Tessa Jowell wearing pioneering £240,000-a-year skull cap to treat her brain cancer

Tessa Jowell was wearing the skull cap during her Lords speech, which moved onlookers to tears - PA
Tessa Jowell was wearing the skull cap during her Lords speech, which moved onlookers to tears - PA

Dame Tessa Jowell has revealed she is wearing a £240,000-a-year skull cap which fires electrical pulses into her brain to treat her cancer.

The Labour peer and former Culture Secretary, who was diagnosed with an aggressive brain tumour last year, said she was wearing the pioneering device when she made her passionate speech about her condition in the House of Lords in January.

The skull cap has been provided on a test basis by the NHS, with the costs covered by the manufacturer, US firm Novacare.

However, at its current price the device is considered too expensive to be routinely offered and paid for by the health service.

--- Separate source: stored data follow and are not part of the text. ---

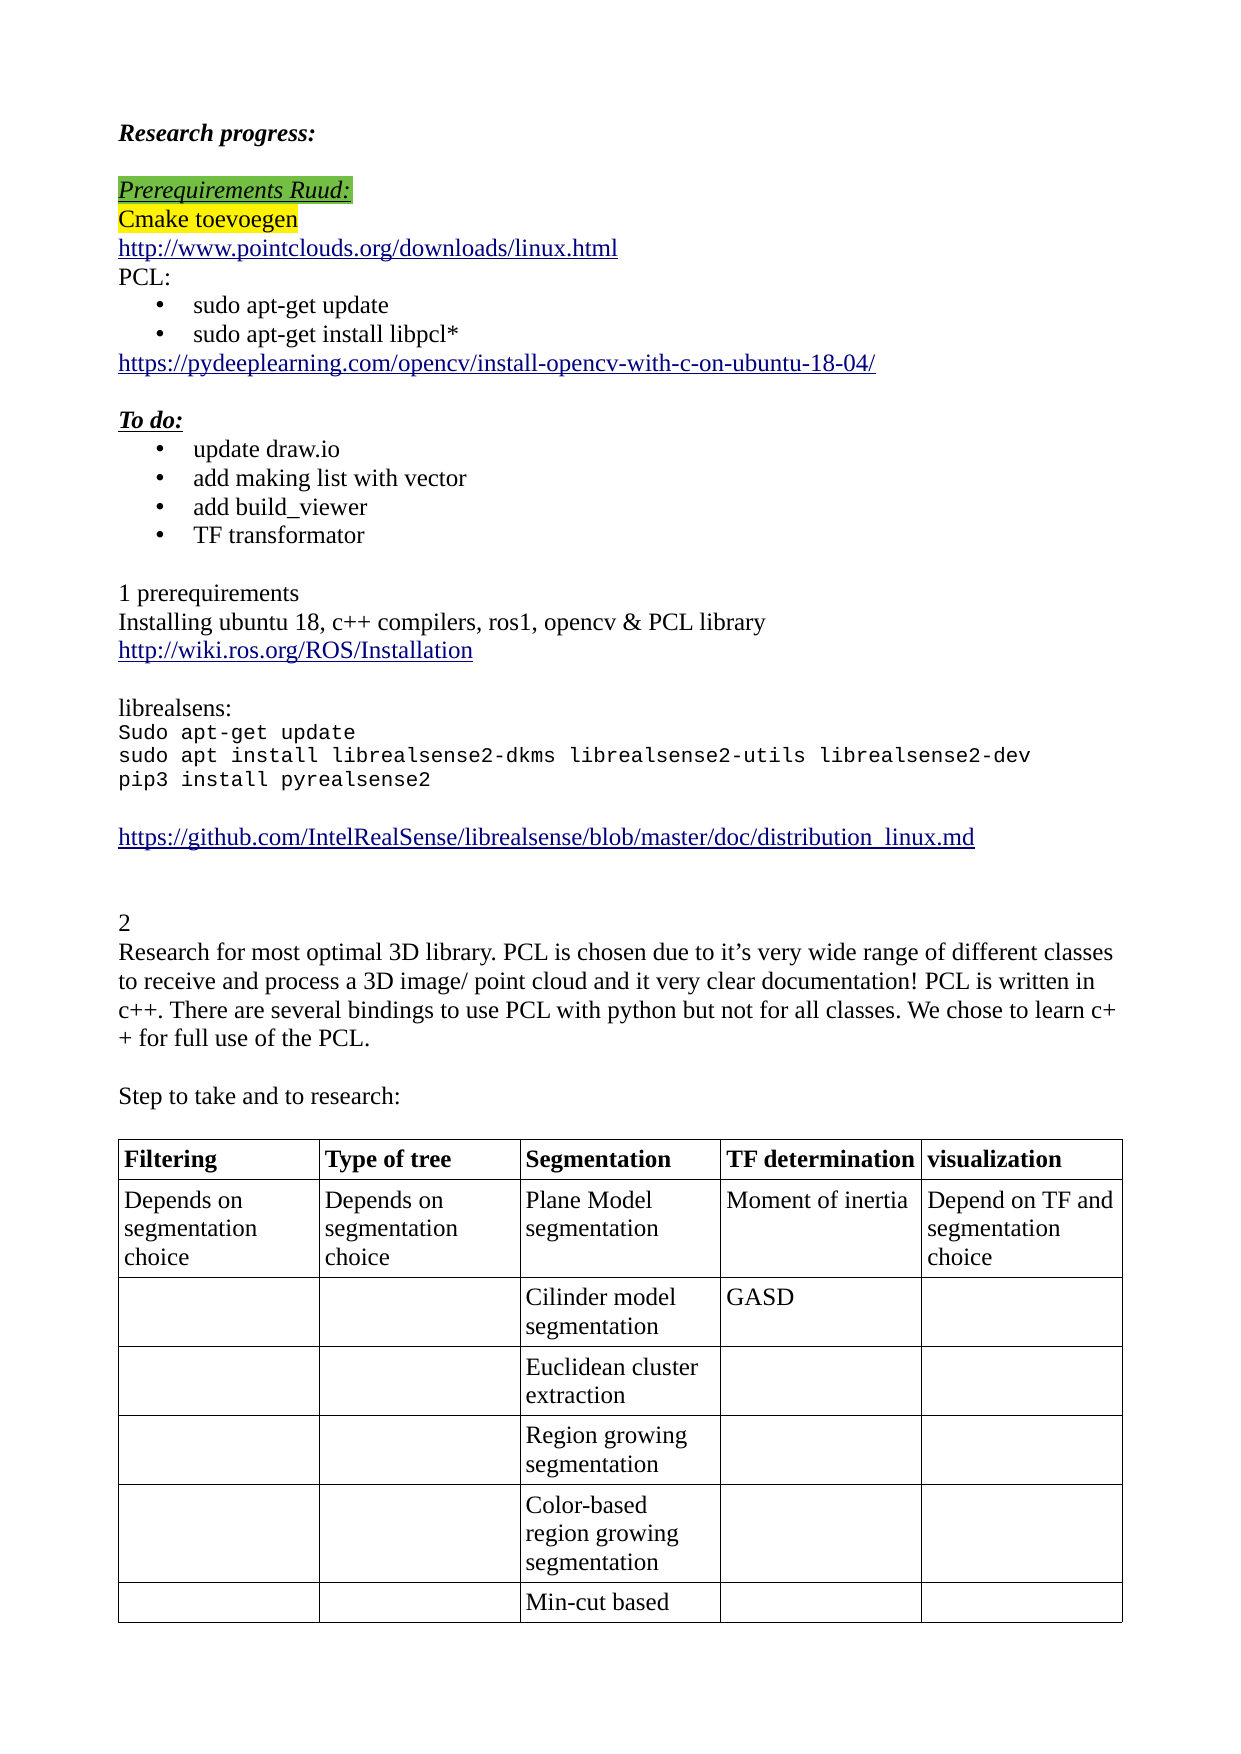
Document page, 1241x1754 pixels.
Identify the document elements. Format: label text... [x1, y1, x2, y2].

table_cell Moment of inertia [721, 1180, 921, 1277]
table_cell Euclidean cluster extraction [521, 1347, 720, 1415]
table_cell Cilinder model segmentation [521, 1278, 720, 1346]
table_cell Color-based region growing segmentation [521, 1485, 720, 1582]
table_cell [119, 1416, 319, 1484]
table_cell [922, 1278, 1122, 1346]
text 2 [118, 908, 1122, 937]
text Research for most optimal 3D library. PCL is chosen due to it’s very wide range of different classes to receive and process a 3D image/ point cloud and it very clear documentation! PCL is written in c++. There are several bindings to use PCL with python but not for all classes. We chose to learn c++ for full use of the PCL. [118, 937, 1122, 1052]
table_cell [721, 1485, 921, 1582]
table_header TF determination [721, 1140, 921, 1179]
table_header Filtering [119, 1140, 319, 1179]
text Prerequirements Ruud: [118, 176, 1122, 204]
table_cell [922, 1347, 1122, 1415]
table_cell [721, 1347, 921, 1415]
text PCL: [118, 262, 1122, 291]
table_cell [721, 1416, 921, 1484]
table_header visualization [922, 1140, 1122, 1179]
text Research progress: [118, 118, 1122, 147]
table_cell [119, 1278, 319, 1346]
text librealsens: [118, 693, 1122, 722]
list TF transformator [156, 521, 1122, 549]
table_cell Depends on segmentation choice [320, 1180, 520, 1277]
table_cell [721, 1583, 921, 1622]
table_cell Depend on TF and segmentation choice [922, 1180, 1122, 1277]
text pip3 install pyrealsense2 [118, 769, 1122, 793]
table_cell [922, 1485, 1122, 1582]
table_cell [320, 1278, 520, 1346]
table_cell Depends on segmentation choice [119, 1180, 319, 1277]
list update draw.io [156, 434, 1122, 463]
text Step to take and to research: [118, 1081, 1122, 1110]
table_cell GASD [721, 1278, 921, 1346]
table_cell [320, 1583, 520, 1622]
table_cell [119, 1485, 319, 1582]
list sudo apt-get update [156, 291, 1122, 319]
text Cmake toevoegen [118, 204, 1122, 233]
text Sudo apt-get update [118, 722, 1122, 746]
text https://github.com/IntelRealSense/librealsense/blob/master/doc/distribution_linux.md [118, 822, 1122, 851]
text http://wiki.ros.org/ROS/Installation [118, 636, 1122, 664]
list add making list with vector [156, 463, 1122, 492]
text Installing ubuntu 18, c++ compilers, ros1, opencv & PCL library [118, 607, 1122, 636]
table_cell Plane Model segmentation [521, 1180, 720, 1277]
table_cell Min-cut based [521, 1583, 720, 1622]
text 1 prerequirements [118, 578, 1122, 607]
table_header Segmentation [521, 1140, 720, 1179]
text http://www.pointclouds.org/downloads/linux.html [118, 233, 1122, 262]
table_cell [119, 1583, 319, 1622]
table_header Type of tree [320, 1140, 520, 1179]
table_cell Region growing segmentation [521, 1416, 720, 1484]
list add build_viewer [156, 492, 1122, 521]
table_cell [922, 1583, 1122, 1622]
table_cell [320, 1485, 520, 1582]
list sudo apt-get install libpcl* [156, 319, 1122, 348]
table_cell [320, 1347, 520, 1415]
text sudo apt install librealsense2-dkms librealsense2-utils librealsense2-dev [118, 746, 1122, 769]
table_cell [922, 1416, 1122, 1484]
table_cell [119, 1347, 319, 1415]
text To do: [118, 406, 1122, 434]
text https://pydeeplearning.com/opencv/install-opencv-with-c-on-ubuntu-18-04/ [118, 348, 1122, 377]
table_cell [320, 1416, 520, 1484]
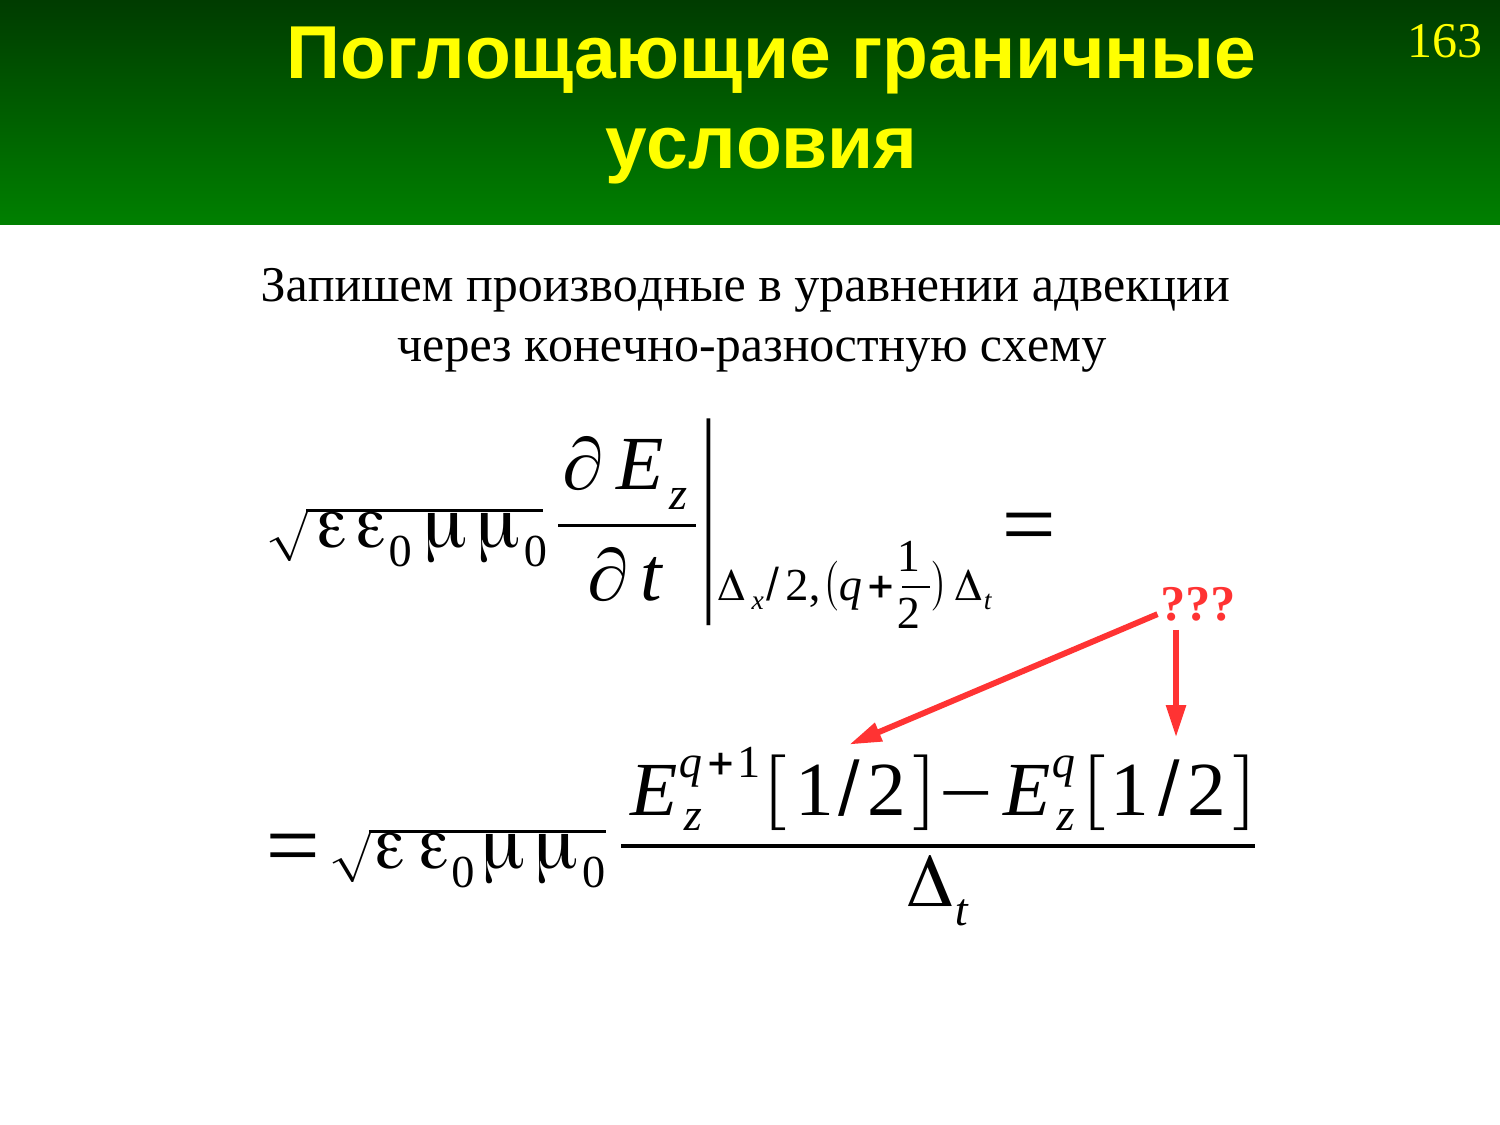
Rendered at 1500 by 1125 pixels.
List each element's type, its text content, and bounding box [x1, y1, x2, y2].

chart [243, 413, 1276, 937]
text_box ??? [1145, 562, 1264, 638]
title Поглощающие граничные условия [123, 0, 1399, 192]
text_box Запишем производные в уравнении адвекции через конечно-разностную схему [245, 244, 1258, 379]
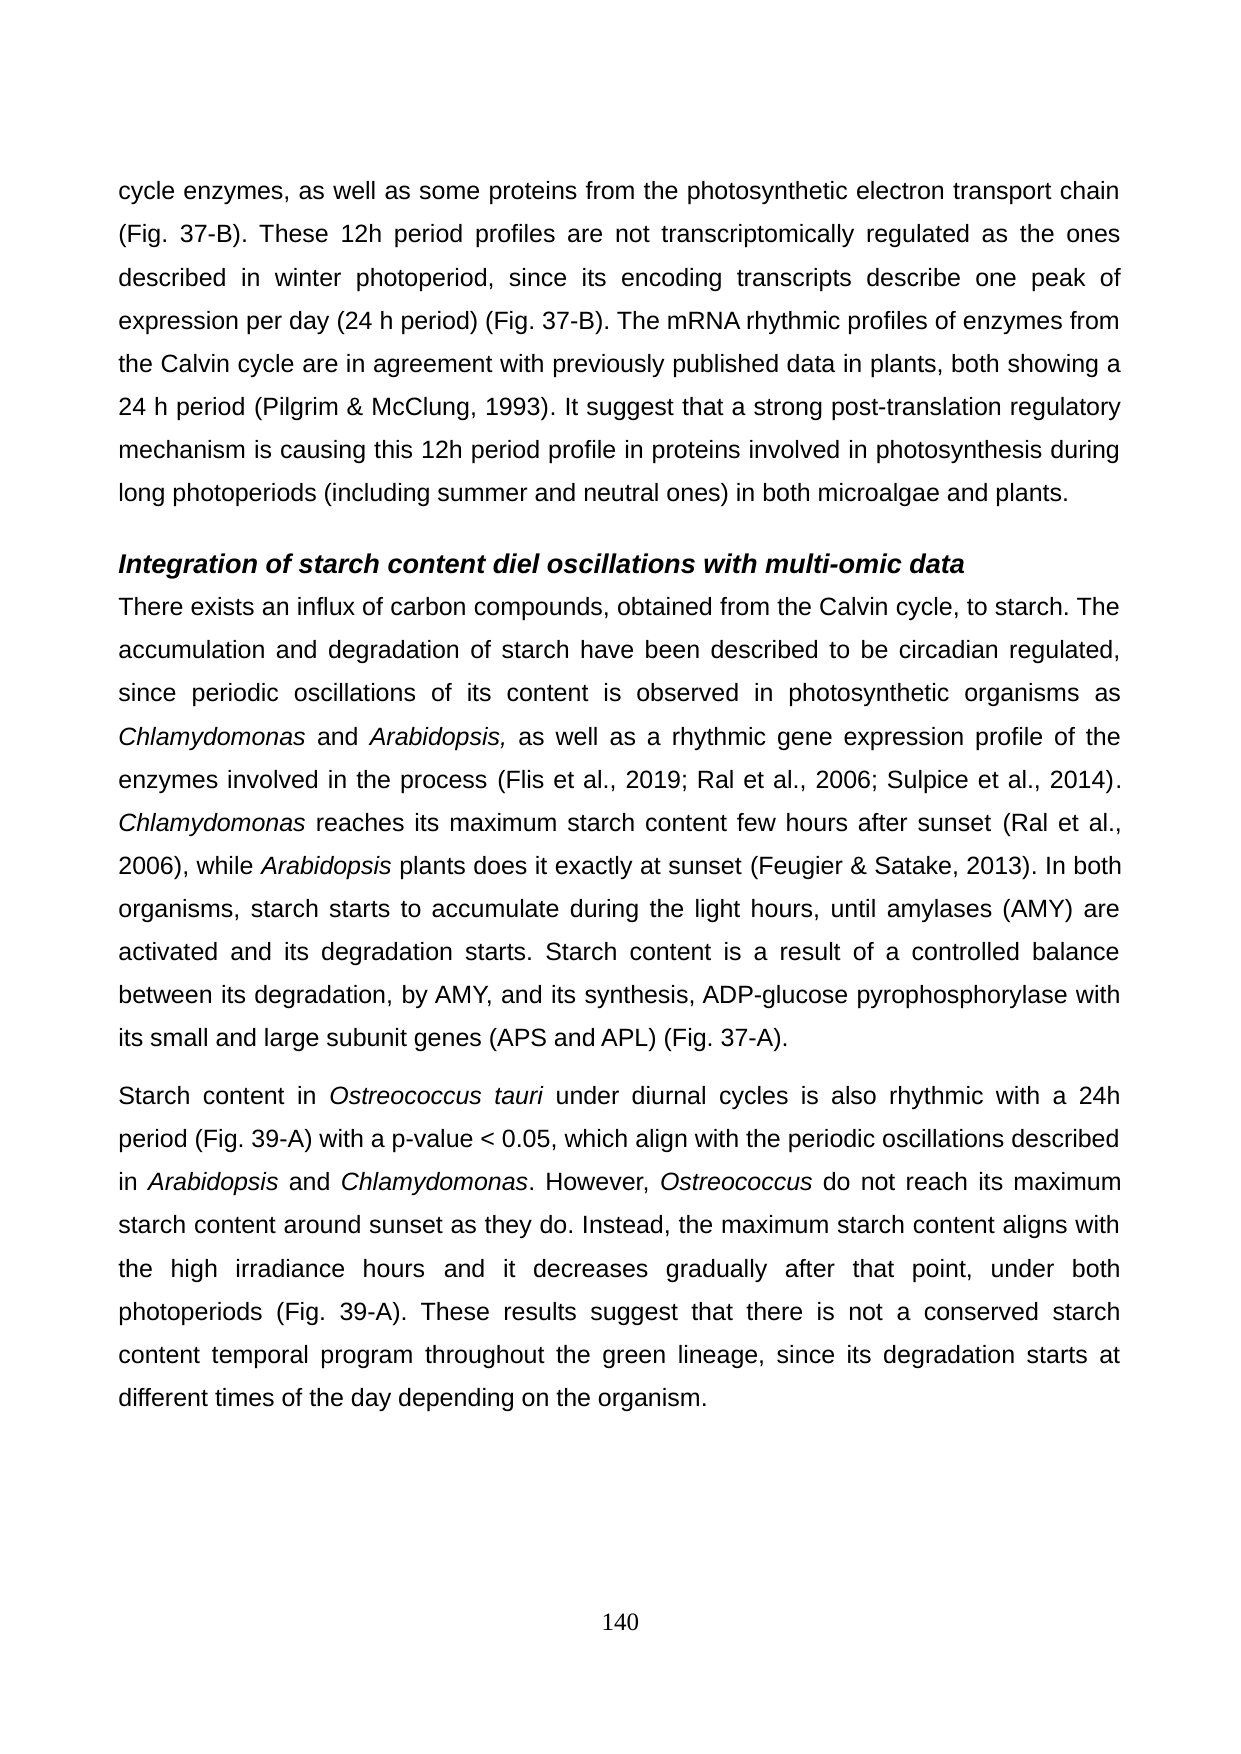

The skull cap carries an array of electrodes that fire minute electrical currents into the tumour to halt the growth of cancer cells.

Dame Tessa used her Lords speech, which moved onlookers to tears, to make an impassioned call for patients to have better access to experimental treatments.

Now it has been established she herself is testing a new treatment, Optune, in an attempt to defeat her condition,  a malignant glioblastoma multiforme tumour or GBM.

The high-grade tumour - which caused her to have powerful seizures - has since been removed and she has received the standard treatment of chemo- and radiotherapy, which typically has a poor prognosis.

How does chemotherapy work?
How does chemotherapy work?

GBM strikes 4,000 people in England every year and the average survival rate is little more than a year.

Dame Tessa has a rare mutant form of the disease that fails to respond to chemotherapy.

Whilst not a cure, Optune has dramatically improved the five-year survival rate for those who have tried it.

A clinical trial of 700 people showed that 43 per cent patients receiving Optune electrode therapy alongside the chemotherapy drug temozolomide were still alive after two years compared to 30 percent of patients treated with temozolomide alone. At five years, the survival rate was 13 percent compared to 5 percent.

Dr Matt Williams, the neuro-oncologist who is treating the Labour peer at London’s Charing Cross Hospital, said: “The device would cost  £20,000 a month to rent, if we were paying for it.

“The ceramic electrodes that are attached to the scalp have to be changed every three days and we need the help of company staff who currently fly in from their European base in Switzerland.

“For the NHS to take it on board, we would have to pare down the costs.

“It takes up a lot clinic time and stretches our resources. We want to use it but we have to find a more economic model of treatment.”